Bonnefoye was waiting by the policemen’s entrance. The two men greeted each other ruefully. A painted sign announced:
Direction de la Police Judiciaire. Escalier A
it added over an unimpressive door. Ancient, narrow and battered, it would not have looked out of place in any Paris back street. The stone slab under the door was worn to a hollow in the centre, witness to the thousands of nailed boots that had clumped their way over the threshold during the centuries. Nostalgically, Joe placed his Lobb’s black half-Oxford right in the centre. Putting down a marker for Scotland Yard. Marking out new territory.

Bonnefoye looked at him through bleary eyes. ‘What a night, eh?

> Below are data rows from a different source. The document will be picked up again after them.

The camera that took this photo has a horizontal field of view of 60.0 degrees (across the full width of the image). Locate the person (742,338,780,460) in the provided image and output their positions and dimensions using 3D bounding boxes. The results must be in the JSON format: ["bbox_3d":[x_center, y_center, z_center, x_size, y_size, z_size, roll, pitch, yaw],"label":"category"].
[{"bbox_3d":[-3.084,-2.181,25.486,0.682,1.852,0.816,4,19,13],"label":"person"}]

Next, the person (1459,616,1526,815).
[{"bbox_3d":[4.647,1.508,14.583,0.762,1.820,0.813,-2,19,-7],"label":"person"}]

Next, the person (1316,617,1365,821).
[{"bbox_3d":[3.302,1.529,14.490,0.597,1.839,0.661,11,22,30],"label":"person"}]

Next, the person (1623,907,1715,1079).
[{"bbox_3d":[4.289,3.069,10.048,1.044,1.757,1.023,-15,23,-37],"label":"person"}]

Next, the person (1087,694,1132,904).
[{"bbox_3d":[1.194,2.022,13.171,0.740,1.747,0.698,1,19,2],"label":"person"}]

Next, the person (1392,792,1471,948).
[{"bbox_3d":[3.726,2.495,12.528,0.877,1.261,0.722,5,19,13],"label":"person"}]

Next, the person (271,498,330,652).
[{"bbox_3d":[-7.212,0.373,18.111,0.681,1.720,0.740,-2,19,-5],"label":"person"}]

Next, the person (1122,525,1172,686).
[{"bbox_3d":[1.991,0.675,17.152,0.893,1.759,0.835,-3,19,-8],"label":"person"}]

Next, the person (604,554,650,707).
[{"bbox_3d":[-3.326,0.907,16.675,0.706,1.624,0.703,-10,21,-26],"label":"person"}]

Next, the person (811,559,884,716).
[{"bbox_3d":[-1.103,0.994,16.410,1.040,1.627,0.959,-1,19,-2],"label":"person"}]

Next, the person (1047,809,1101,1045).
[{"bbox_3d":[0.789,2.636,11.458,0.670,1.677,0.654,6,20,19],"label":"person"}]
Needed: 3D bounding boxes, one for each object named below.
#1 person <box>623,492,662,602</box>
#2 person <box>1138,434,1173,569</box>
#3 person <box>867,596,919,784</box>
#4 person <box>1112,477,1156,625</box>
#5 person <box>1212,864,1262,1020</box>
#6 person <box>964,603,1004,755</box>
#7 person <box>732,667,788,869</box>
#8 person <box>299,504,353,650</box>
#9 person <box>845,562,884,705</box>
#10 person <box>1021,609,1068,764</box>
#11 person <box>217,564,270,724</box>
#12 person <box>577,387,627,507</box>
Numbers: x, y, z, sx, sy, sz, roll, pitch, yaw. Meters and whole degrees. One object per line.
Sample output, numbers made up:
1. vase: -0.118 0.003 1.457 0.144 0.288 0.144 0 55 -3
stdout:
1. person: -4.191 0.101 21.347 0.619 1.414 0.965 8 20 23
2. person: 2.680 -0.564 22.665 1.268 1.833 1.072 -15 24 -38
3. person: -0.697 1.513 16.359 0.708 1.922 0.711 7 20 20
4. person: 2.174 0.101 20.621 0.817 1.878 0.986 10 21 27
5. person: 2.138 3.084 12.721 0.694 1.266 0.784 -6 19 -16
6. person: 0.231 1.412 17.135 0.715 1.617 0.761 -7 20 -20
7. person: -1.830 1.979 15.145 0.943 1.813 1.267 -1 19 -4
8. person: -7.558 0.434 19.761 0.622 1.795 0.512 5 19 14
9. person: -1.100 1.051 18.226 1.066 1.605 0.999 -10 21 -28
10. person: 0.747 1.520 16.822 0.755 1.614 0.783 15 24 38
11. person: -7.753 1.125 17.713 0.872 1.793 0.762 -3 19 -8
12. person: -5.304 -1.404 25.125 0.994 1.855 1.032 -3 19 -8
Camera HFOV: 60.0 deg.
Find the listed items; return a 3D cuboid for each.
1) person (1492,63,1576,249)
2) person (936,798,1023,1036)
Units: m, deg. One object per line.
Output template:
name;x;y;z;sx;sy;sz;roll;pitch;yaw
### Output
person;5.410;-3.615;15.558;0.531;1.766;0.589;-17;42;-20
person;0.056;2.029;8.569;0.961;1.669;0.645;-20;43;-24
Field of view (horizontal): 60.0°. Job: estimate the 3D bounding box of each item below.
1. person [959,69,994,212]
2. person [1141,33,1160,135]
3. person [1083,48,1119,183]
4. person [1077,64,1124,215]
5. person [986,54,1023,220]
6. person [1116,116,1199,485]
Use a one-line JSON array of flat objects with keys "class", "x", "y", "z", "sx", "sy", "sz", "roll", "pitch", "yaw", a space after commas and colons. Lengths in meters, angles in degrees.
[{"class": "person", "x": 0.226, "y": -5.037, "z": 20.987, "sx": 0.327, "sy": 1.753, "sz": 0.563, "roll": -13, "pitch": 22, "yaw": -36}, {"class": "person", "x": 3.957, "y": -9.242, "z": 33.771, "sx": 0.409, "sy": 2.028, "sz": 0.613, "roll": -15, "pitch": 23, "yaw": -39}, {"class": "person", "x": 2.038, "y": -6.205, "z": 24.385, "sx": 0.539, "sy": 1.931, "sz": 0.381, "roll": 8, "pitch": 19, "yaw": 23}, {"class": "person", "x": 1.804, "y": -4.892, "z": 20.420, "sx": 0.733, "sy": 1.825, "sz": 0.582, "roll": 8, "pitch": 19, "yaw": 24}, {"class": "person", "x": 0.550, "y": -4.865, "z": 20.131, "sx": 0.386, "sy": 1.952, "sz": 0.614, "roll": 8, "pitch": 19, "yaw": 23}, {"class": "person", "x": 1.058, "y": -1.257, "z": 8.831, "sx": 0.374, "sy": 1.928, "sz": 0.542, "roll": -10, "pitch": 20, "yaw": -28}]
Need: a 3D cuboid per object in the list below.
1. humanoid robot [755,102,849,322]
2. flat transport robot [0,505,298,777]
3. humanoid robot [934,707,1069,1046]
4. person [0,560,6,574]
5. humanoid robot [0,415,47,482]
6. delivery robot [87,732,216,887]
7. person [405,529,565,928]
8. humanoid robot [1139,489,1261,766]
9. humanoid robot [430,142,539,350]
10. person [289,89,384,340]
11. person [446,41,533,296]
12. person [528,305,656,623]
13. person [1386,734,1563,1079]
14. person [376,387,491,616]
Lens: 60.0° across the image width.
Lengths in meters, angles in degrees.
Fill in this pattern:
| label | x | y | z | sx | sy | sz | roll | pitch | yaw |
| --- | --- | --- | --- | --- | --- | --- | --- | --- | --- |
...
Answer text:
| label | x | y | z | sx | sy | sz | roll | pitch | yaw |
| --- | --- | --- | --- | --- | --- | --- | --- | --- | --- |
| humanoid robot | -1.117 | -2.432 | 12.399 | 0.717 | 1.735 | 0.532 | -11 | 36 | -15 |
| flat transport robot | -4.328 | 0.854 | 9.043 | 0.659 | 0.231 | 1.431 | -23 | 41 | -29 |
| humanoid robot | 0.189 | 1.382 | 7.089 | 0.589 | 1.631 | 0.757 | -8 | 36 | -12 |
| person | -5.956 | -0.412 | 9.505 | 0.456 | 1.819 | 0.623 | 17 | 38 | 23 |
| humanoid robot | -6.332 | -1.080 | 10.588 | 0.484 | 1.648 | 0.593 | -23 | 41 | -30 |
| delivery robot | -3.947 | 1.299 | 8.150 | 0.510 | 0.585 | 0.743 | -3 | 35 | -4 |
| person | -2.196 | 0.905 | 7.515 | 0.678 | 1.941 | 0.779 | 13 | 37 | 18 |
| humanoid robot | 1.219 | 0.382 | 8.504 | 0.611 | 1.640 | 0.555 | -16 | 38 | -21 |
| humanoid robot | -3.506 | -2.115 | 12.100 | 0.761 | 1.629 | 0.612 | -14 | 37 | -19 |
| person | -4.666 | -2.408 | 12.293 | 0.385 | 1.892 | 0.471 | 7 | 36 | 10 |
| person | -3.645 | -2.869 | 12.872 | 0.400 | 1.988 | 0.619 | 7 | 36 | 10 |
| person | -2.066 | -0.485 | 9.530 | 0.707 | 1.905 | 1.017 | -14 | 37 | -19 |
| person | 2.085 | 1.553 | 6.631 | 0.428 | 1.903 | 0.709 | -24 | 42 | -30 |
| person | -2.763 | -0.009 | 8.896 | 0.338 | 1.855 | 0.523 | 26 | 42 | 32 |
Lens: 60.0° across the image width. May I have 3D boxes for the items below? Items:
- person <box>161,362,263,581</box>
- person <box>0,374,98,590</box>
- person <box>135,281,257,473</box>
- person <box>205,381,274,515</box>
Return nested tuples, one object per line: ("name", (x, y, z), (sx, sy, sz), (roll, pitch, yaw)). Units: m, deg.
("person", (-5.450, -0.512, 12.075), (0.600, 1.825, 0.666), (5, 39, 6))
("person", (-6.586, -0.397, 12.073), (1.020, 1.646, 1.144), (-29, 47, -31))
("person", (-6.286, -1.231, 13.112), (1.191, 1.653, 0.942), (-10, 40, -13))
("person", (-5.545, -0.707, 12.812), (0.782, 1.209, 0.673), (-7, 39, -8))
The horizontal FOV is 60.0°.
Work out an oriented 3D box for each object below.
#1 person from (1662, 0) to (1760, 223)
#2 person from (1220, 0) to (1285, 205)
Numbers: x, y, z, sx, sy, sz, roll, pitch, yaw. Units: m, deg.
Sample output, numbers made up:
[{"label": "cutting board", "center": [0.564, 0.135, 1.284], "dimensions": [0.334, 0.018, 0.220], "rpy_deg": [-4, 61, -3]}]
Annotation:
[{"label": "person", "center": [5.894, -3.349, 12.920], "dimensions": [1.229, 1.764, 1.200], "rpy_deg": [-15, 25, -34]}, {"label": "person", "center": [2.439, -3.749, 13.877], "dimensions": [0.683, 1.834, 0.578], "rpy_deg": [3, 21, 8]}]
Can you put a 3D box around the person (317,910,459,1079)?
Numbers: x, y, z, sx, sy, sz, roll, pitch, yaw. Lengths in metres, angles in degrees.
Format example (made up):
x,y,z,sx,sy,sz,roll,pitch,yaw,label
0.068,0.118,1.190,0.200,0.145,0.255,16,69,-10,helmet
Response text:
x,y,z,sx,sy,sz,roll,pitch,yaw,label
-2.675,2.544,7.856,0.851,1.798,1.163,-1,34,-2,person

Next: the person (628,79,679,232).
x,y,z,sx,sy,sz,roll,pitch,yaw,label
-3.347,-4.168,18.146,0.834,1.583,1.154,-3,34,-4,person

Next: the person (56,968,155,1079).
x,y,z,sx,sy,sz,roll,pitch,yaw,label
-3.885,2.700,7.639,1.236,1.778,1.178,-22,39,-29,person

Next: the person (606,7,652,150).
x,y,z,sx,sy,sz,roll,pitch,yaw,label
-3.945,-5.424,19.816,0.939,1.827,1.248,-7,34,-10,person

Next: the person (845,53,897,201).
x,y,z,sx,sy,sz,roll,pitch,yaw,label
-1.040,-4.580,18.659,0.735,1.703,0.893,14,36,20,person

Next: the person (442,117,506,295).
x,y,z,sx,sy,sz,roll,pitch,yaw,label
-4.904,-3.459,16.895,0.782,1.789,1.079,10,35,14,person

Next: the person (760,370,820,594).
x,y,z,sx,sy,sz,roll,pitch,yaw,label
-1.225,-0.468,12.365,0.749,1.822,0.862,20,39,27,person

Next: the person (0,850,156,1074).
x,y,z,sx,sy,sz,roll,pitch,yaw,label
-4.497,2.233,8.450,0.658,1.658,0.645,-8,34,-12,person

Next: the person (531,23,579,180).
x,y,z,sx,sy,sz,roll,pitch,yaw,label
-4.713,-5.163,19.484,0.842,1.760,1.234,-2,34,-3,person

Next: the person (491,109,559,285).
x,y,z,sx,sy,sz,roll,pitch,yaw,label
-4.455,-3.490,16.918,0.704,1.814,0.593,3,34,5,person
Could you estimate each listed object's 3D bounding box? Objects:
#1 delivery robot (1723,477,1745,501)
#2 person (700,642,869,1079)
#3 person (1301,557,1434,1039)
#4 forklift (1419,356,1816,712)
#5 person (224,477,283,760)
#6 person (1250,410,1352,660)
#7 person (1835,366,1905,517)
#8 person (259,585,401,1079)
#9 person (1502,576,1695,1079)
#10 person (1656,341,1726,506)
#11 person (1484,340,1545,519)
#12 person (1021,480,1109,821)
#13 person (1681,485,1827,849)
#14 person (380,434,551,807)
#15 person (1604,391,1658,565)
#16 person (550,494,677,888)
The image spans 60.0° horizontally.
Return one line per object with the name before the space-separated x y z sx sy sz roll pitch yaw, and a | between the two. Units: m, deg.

I’ve seen you look sharper!’

‘Do I look as bad as you do, I wonder?’

‘Twenty years worse!’

Bonnefoye pushed open the door and hesitated. ‘Are you ready for this?’ he asked. ‘It’s a hundred and forty-eight steps up to the fifth floor. And no lift! But I think we may find out what we want to know by the third floor.’ The building smelled rather unpleasantly of new paint, old linoleum and stale air, with, far in the background, a waft of coffee. Apart from the swish of brooms, the flick of dusters and the mumbled conversation of the cleaning ladies, it was very quiet. Joe could hear the peremptory toot of a barge on the river and the distant ringing behind a closed office door of a telephone that went unanswered. He silently compared his surroundings to the marble-tiled magnificence of the vestibule of Scotland Yard with its mahogany reception desk manned by helpful, uniformed constables and the ceaseless movement of policemen in and out whatever the time of day or night.